James Bullard, president of the Federal Reserve Bank of St. Louis, said that the outlook for the U.S. economy is "quite good," despite data from early in the year.
"The biggest thing is that unemployment has come down more quickly than expected," said Bullard, speaking on a panel at the annual Credit Suisse investor conference in Hong Kong.
He added later during a question and answer session that more progress is needed in the labor market before U.S. policymakers can consider raising interest rates.
Bullard is known to be one of the Fed's more hawkish policymakers. He previously advocated for a rate hike as early as 2014, a stance he appears to have backed away from.
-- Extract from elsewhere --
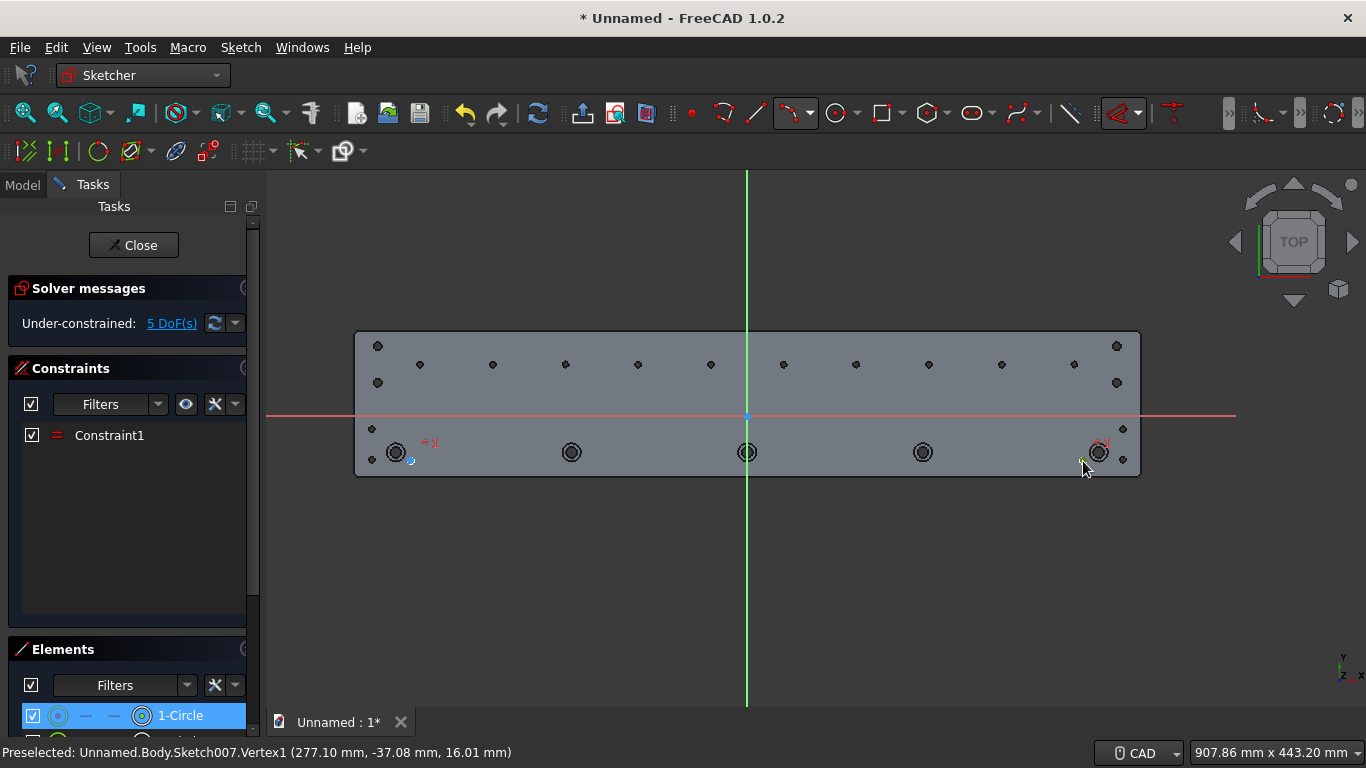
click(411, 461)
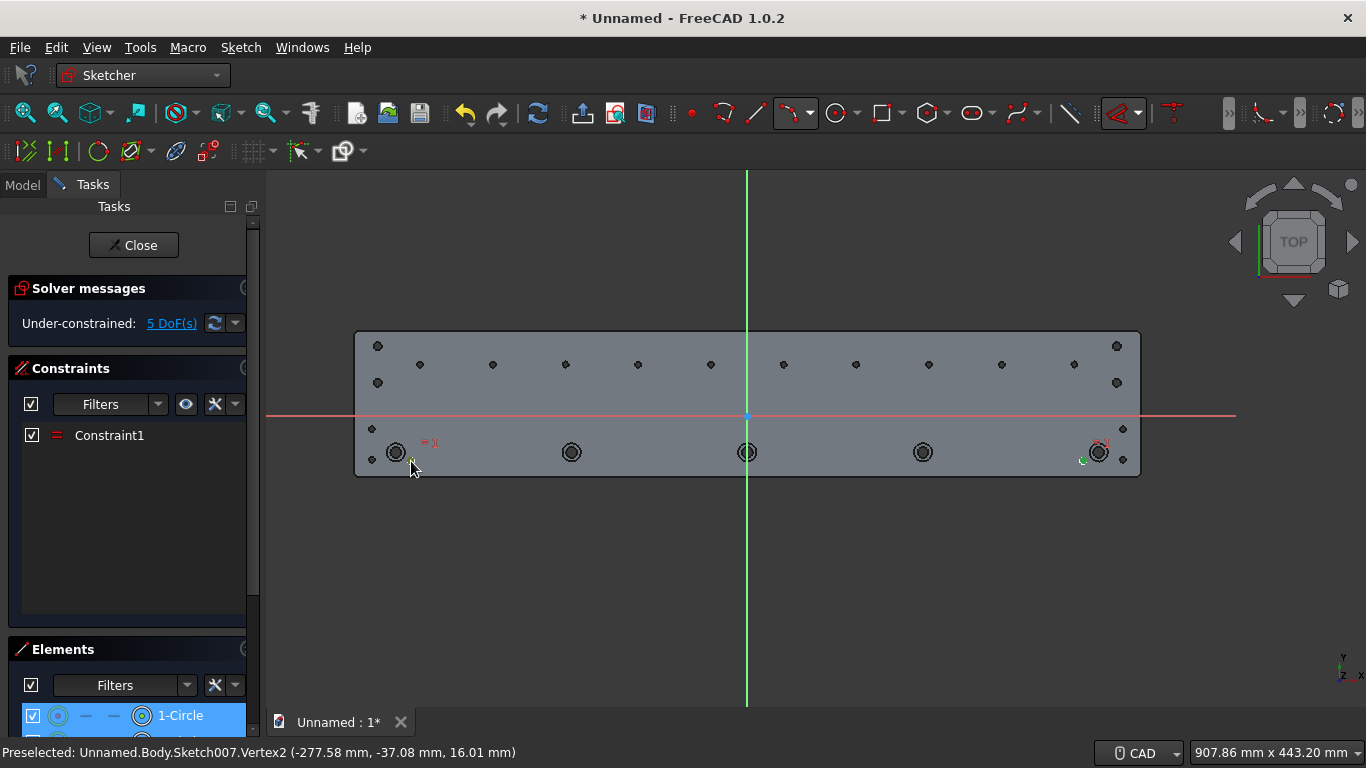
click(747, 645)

U.S. monetary policy tightening took center stage last week after a two-day policy meeting, when the Fed said it expected to keep benchmark interest rates near zero for a "considerable time" after it wrapped up a bond-buying stimulus program, which it is widely expected to do toward the end of the year.
Pressed on the statement at a news conference afterward, Fed Chairman Janet Yellen said the phrase "probably means something on the order of around six months or that type of thing." Stocks and bonds immediately tumbled as traders took the statement to suggest rate hikes could come sooner than they had anticipated.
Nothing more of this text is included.